Lagonissi (Greek: Λαγονήσι meaning "jackrabbit island") is a seaside residential area in the southern part of Kalyvia Thorikou in East Attica. It is situated close to the shore and on a peninsula by the Saronic Gulf. Lagonisi is located approximately 30 km southeast of Athens and 35 km northwest of Cape Sounio. Restaurant facilities, cafeterias and bars are located mainly at the heart of Lagonissi, close to Kalyvion Avenue (the road connecting Lagonissi with Kalyvia Thorikou). It is part of Athens metropolitan area.

Beaches 

Lagonisi has many beautiful sandy beaches including those of Pefko, Agios Nikolas and Galazia Akti.

Education 

The increasing number of new residents, most notably from the southern suburbs of Athens has led to the construction of public schools for children of all ages.
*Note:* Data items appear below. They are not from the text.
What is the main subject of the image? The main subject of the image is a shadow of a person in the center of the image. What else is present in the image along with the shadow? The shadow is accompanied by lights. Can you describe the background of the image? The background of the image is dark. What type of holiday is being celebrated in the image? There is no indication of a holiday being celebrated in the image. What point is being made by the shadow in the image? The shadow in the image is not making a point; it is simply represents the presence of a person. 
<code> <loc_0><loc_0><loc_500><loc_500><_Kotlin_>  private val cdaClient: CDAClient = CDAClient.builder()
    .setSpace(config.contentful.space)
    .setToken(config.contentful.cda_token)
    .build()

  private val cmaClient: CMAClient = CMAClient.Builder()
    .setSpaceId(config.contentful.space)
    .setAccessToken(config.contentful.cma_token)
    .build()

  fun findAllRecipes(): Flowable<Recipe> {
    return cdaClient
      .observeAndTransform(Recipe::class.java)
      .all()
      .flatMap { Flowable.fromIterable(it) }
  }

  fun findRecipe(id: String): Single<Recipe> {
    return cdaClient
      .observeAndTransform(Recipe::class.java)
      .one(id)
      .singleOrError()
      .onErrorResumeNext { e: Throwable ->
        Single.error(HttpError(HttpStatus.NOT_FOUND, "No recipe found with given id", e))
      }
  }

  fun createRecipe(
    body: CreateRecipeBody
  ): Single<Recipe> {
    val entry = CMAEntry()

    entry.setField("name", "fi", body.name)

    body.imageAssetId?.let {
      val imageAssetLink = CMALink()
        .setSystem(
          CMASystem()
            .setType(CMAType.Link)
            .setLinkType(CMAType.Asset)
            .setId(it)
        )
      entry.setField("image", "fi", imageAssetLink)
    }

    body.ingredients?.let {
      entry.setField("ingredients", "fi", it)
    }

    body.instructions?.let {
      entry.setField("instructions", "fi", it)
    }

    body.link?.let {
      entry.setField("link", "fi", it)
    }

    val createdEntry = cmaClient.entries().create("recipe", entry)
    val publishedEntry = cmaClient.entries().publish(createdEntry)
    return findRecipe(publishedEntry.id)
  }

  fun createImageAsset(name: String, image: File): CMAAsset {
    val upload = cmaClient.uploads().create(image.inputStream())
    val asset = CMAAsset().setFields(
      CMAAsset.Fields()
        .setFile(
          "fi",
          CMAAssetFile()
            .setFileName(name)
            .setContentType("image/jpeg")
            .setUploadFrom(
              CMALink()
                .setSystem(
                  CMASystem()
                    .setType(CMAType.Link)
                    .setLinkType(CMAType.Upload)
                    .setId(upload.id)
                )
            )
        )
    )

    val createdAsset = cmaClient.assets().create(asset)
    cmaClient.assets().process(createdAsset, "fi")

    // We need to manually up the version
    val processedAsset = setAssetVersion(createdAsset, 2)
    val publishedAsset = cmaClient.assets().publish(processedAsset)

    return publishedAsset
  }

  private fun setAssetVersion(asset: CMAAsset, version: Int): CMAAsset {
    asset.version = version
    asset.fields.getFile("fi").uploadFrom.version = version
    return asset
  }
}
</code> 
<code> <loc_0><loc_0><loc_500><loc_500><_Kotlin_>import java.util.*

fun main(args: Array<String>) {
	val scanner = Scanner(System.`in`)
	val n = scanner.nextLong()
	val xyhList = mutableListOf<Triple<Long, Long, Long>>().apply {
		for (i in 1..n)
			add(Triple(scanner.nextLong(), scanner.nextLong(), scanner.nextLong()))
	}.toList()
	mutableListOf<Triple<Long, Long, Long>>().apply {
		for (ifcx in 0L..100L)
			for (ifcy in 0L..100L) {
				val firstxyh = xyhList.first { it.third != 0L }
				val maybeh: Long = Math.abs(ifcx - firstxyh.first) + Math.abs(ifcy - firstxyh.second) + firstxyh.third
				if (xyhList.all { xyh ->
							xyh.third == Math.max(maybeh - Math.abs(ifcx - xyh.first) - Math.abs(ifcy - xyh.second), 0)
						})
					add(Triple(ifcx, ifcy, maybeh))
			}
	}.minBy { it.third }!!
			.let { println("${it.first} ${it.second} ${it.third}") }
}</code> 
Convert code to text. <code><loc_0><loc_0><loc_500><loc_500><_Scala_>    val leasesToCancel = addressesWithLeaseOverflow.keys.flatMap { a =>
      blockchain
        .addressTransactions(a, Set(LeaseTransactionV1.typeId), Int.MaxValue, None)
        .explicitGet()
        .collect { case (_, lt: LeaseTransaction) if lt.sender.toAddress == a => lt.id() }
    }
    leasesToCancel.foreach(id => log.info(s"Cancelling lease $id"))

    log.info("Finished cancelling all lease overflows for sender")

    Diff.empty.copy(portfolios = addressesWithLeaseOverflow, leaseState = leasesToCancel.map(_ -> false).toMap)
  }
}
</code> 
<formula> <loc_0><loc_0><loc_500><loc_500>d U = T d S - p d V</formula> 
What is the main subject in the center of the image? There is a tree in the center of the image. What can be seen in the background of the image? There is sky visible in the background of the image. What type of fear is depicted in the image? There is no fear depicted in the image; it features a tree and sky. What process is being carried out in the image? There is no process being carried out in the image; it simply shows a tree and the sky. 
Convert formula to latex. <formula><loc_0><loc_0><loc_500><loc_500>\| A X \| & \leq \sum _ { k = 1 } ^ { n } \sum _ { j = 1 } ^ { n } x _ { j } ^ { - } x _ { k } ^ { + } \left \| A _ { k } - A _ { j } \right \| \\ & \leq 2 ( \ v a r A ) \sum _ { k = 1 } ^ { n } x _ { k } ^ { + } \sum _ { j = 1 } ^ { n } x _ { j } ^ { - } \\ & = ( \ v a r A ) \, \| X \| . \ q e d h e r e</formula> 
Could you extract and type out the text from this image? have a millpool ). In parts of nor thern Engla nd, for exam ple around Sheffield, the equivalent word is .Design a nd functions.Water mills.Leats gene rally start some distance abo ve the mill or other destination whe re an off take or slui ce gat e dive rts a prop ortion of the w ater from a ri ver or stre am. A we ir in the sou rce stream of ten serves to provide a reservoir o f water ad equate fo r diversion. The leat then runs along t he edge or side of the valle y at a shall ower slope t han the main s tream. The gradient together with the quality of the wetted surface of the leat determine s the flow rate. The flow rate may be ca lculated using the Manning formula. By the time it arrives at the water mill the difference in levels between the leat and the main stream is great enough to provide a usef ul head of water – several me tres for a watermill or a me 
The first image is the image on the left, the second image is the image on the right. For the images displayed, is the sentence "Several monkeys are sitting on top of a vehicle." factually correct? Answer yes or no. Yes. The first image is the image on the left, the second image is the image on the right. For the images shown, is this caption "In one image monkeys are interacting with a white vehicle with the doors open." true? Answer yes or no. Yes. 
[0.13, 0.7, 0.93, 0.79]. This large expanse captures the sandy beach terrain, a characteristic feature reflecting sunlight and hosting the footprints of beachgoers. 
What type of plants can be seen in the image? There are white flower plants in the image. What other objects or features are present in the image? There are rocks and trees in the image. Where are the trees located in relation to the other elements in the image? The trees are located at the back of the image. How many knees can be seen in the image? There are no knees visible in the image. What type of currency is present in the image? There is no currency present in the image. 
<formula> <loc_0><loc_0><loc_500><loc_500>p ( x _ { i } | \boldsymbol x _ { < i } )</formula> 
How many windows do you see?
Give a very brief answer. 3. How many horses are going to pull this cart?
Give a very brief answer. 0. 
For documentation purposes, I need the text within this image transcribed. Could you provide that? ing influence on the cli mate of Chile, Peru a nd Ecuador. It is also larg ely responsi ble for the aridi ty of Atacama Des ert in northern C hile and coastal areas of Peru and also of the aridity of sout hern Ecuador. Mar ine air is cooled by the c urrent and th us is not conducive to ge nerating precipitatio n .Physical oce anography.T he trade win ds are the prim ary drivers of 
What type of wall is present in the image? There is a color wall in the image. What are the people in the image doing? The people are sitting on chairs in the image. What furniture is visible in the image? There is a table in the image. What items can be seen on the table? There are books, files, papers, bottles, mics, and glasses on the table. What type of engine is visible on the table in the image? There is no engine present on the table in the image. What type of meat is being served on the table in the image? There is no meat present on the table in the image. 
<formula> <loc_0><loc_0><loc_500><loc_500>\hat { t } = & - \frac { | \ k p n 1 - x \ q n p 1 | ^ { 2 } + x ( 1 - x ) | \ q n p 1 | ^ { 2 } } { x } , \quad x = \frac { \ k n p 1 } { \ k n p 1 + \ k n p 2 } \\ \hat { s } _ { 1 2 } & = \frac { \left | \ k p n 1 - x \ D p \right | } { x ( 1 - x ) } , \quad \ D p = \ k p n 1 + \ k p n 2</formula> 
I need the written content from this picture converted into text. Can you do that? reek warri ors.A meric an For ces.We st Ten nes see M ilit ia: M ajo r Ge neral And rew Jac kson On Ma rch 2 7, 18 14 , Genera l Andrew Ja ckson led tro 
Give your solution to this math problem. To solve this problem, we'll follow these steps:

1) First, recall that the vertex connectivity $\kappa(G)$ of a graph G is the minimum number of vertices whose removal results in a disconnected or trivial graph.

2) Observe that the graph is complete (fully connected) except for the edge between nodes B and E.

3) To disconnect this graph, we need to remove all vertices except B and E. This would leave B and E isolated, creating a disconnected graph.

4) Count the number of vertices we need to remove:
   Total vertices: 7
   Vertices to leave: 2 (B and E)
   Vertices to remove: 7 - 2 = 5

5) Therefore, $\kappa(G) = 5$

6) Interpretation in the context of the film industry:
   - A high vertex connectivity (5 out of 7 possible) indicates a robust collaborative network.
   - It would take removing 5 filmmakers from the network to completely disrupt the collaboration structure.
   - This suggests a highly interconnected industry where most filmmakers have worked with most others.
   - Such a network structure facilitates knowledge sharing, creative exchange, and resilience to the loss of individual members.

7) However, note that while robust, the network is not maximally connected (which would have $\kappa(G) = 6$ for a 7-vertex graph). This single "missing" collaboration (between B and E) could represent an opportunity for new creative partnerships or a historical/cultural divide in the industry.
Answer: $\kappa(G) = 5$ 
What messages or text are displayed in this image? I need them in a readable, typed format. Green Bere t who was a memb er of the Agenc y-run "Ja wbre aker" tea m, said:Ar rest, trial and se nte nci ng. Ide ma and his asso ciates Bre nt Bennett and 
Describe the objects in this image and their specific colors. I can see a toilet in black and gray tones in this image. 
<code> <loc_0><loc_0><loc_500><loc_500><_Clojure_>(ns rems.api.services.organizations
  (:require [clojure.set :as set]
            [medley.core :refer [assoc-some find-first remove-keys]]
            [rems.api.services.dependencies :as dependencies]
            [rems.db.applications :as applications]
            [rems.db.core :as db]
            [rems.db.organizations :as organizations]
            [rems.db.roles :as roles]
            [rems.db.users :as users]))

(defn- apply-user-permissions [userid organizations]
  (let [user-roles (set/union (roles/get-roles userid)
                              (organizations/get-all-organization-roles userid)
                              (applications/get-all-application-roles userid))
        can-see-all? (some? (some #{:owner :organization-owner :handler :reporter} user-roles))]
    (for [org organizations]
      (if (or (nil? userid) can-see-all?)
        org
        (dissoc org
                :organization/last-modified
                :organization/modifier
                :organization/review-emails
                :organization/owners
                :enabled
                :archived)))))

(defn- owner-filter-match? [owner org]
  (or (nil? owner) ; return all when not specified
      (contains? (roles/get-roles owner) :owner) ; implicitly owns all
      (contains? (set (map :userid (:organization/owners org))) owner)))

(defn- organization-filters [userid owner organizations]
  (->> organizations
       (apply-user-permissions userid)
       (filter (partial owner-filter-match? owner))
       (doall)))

Most specifically, the last decades there have been built two nursery schools, two primary schools, one middle school and one high school. There are also two private nursery schools, one of whom is English-speaking.

Transportation 

Greek National Road 91 connects Lagonissi with Athens and Sounio, while Thorikou road connects Lagonisi with Greek National Road 89.  OASA (Athens Urban Transport Organisation) operates a frequent all-year round bus service to and from Elliniko metro station with the designation 122. The average travel time between Lagonisi and Elliniko metro station is about 50 minutes. Furthermore, there is a KTEL coach service connecting central Athens with the entire coastal area of western Attica, from Palaio Faliro to Cape Sounion. An inter-municipality bus service operating four to five times per day connects Lagonissi with Kalyvia Thorikou. Taxi service is available as well.

Sports

Lagonisi has an indoor basketball/volleyball arena located close to the middle school. There are numerous outdoor basketball courts and football pitches, a tennis court and two beach volleyball courts. Furthermore, there is a gym and many indoor areas provide lessons for martial arts, yoga and aerobic exercises. An equestrian club called "St.George" is located in the eastern outskirts of the community as well.